Brief:
Return each line of the listing that follows in which the string "height" can be found.

Exercise material:
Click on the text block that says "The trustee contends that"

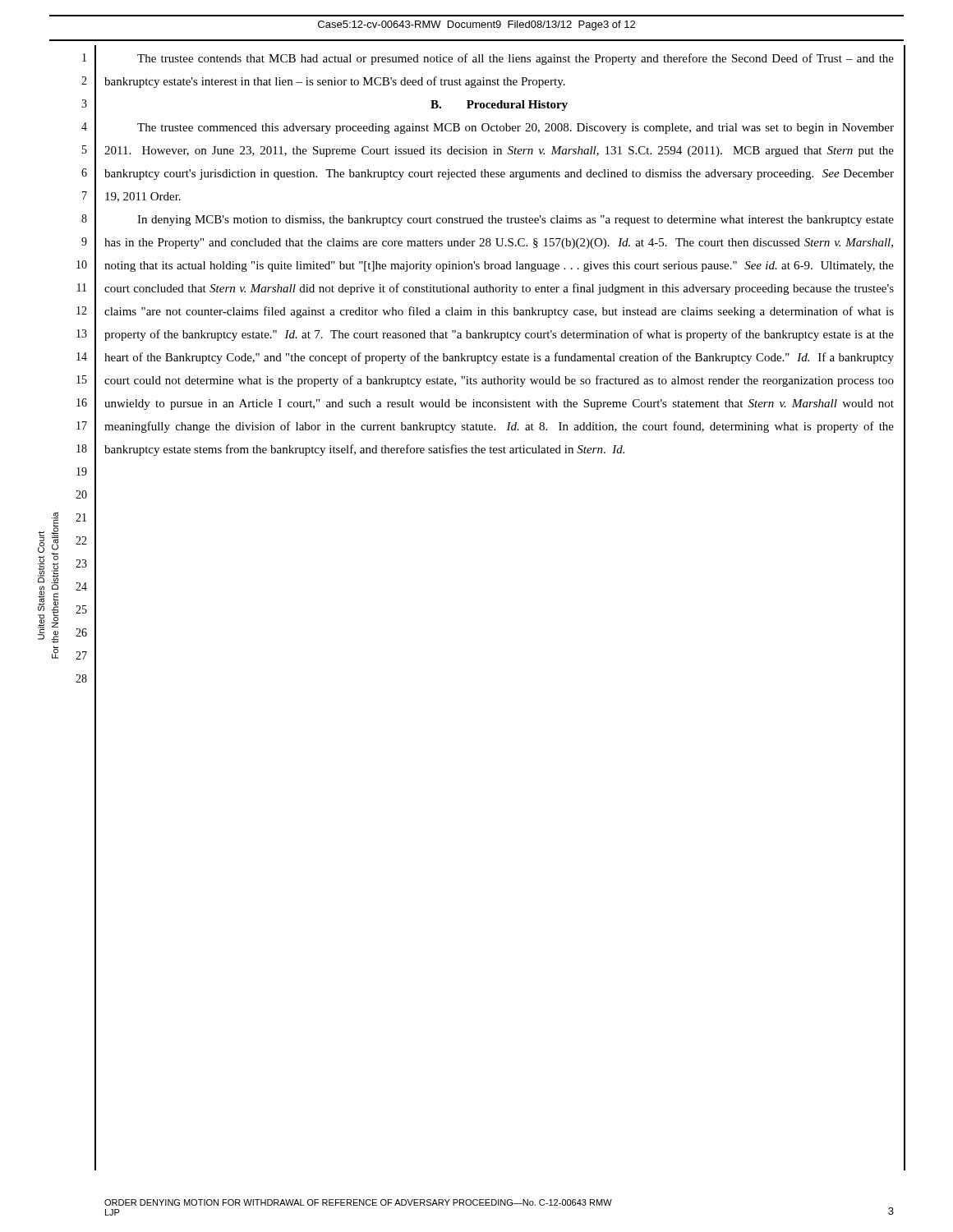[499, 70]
---
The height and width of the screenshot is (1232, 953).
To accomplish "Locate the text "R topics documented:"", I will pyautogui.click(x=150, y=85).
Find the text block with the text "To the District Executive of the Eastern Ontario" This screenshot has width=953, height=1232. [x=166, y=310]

Task answer:
The height and width of the screenshot is (1232, 953).
Find the text block with the text "To the District Executive of the Eastern Ontario" This screenshot has width=953, height=1232. [x=166, y=310]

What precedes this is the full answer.